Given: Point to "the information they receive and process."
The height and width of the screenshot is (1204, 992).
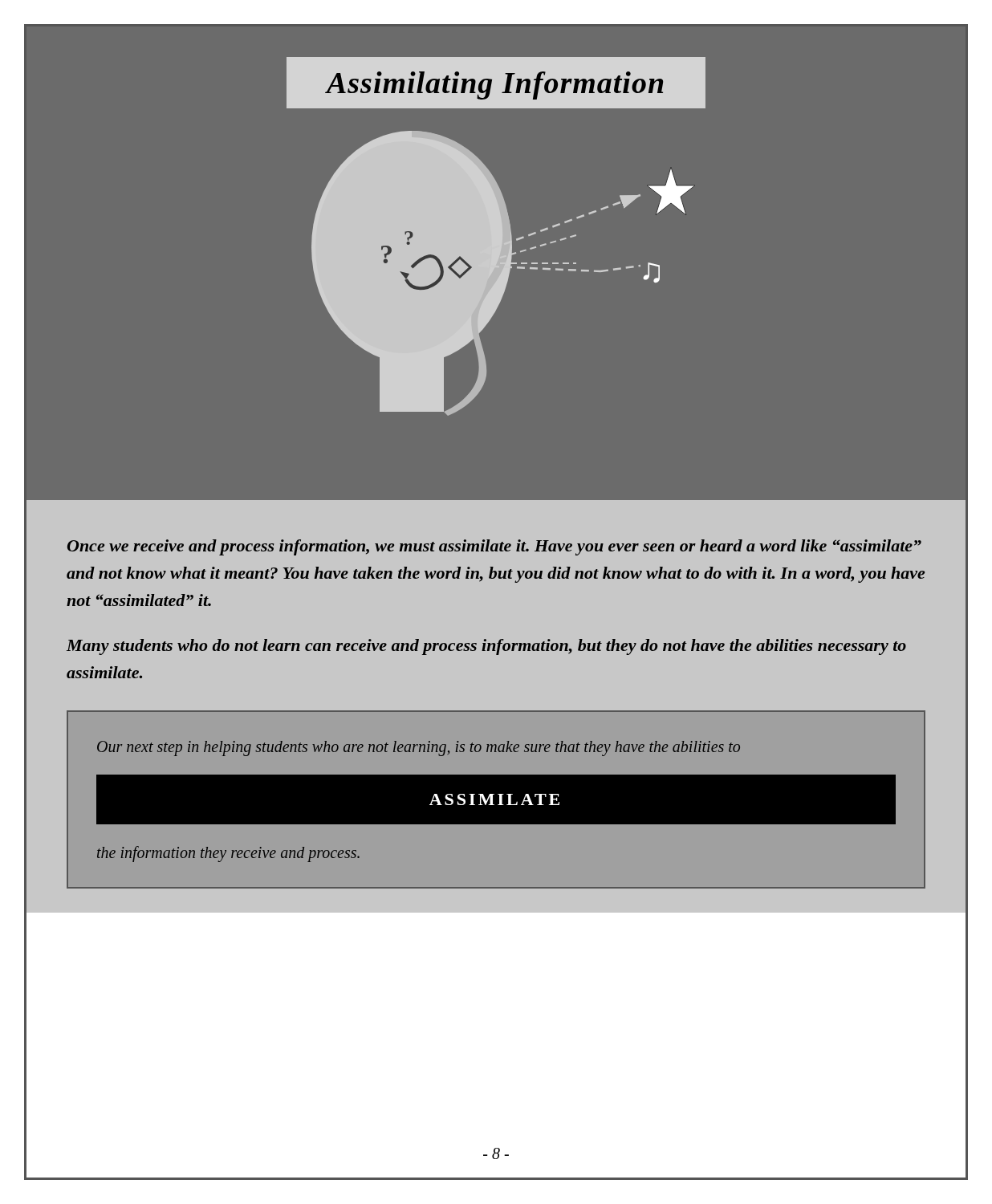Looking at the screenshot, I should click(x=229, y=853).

#####

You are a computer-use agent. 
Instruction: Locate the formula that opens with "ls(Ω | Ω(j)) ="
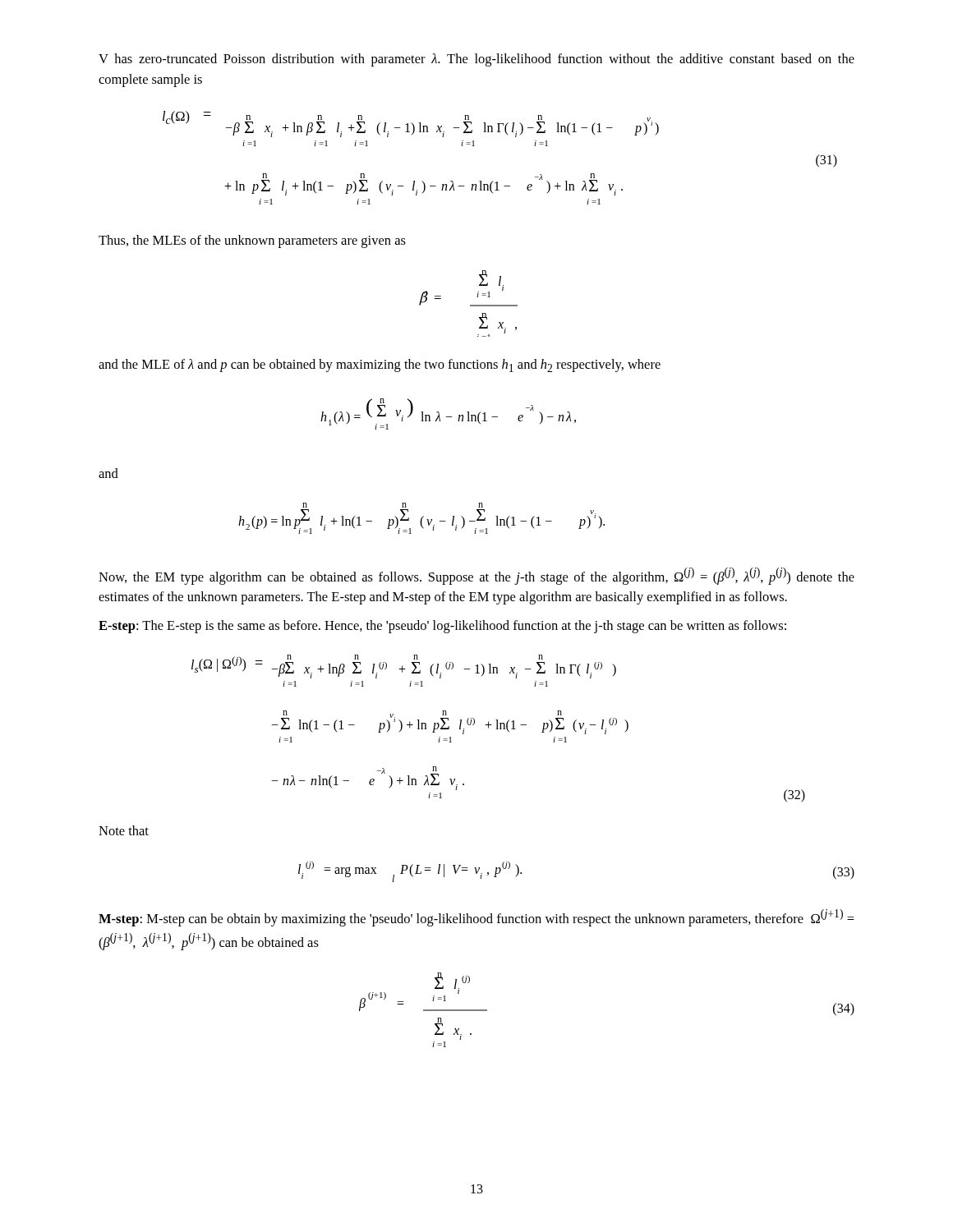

#####

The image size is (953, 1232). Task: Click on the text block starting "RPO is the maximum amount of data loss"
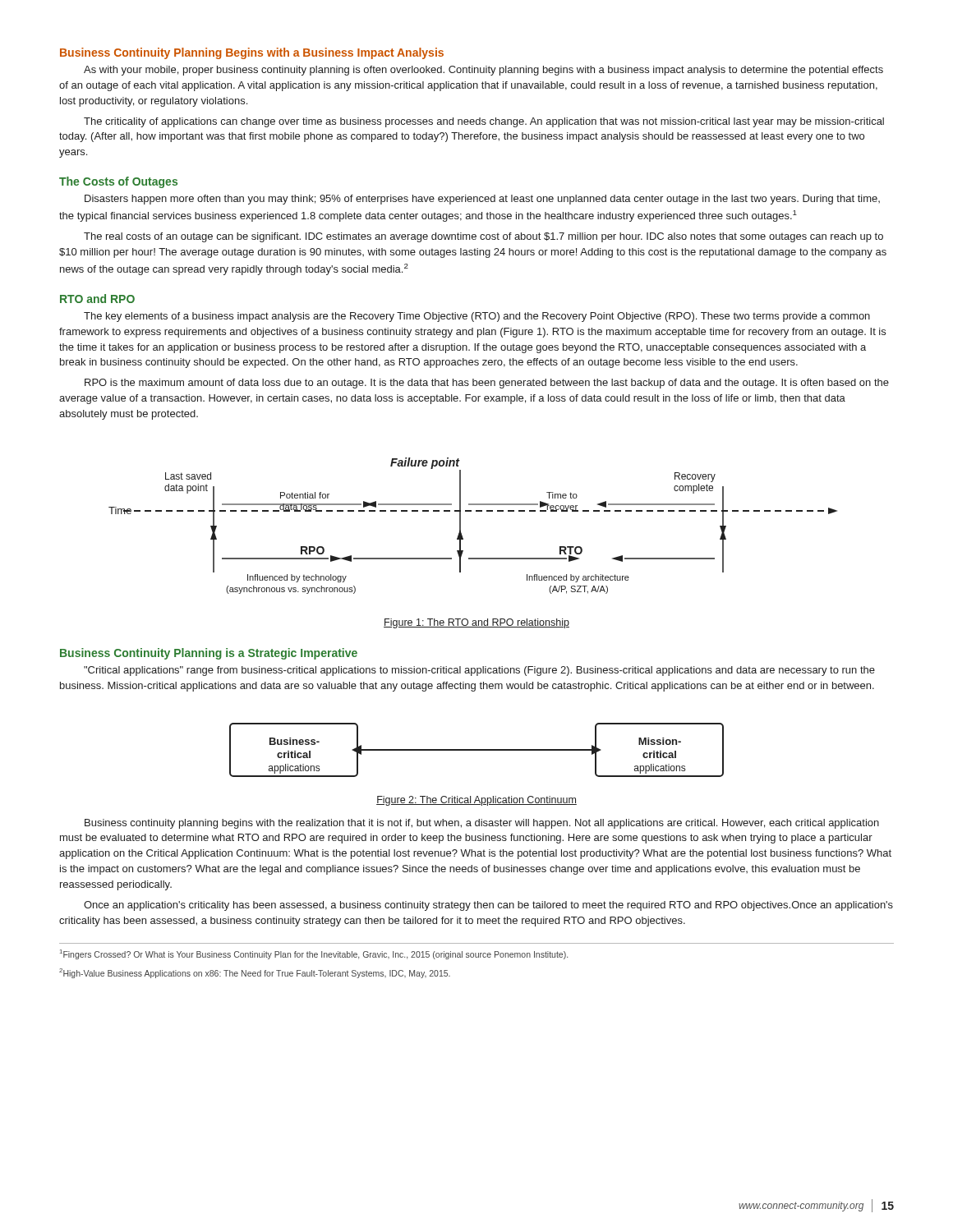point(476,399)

#####

TASK DETAILS: Take exactly the lines from the one containing "You are a computer-use agent." through the one containing "Instruction: Locate the" in the data above, and output them with nothing added.

ANSWER FOR THIS EXERCISE:
You are a computer-use agent. 
Instruction: Locate the formula that opens with "ls(Ω | Ω(j)) ="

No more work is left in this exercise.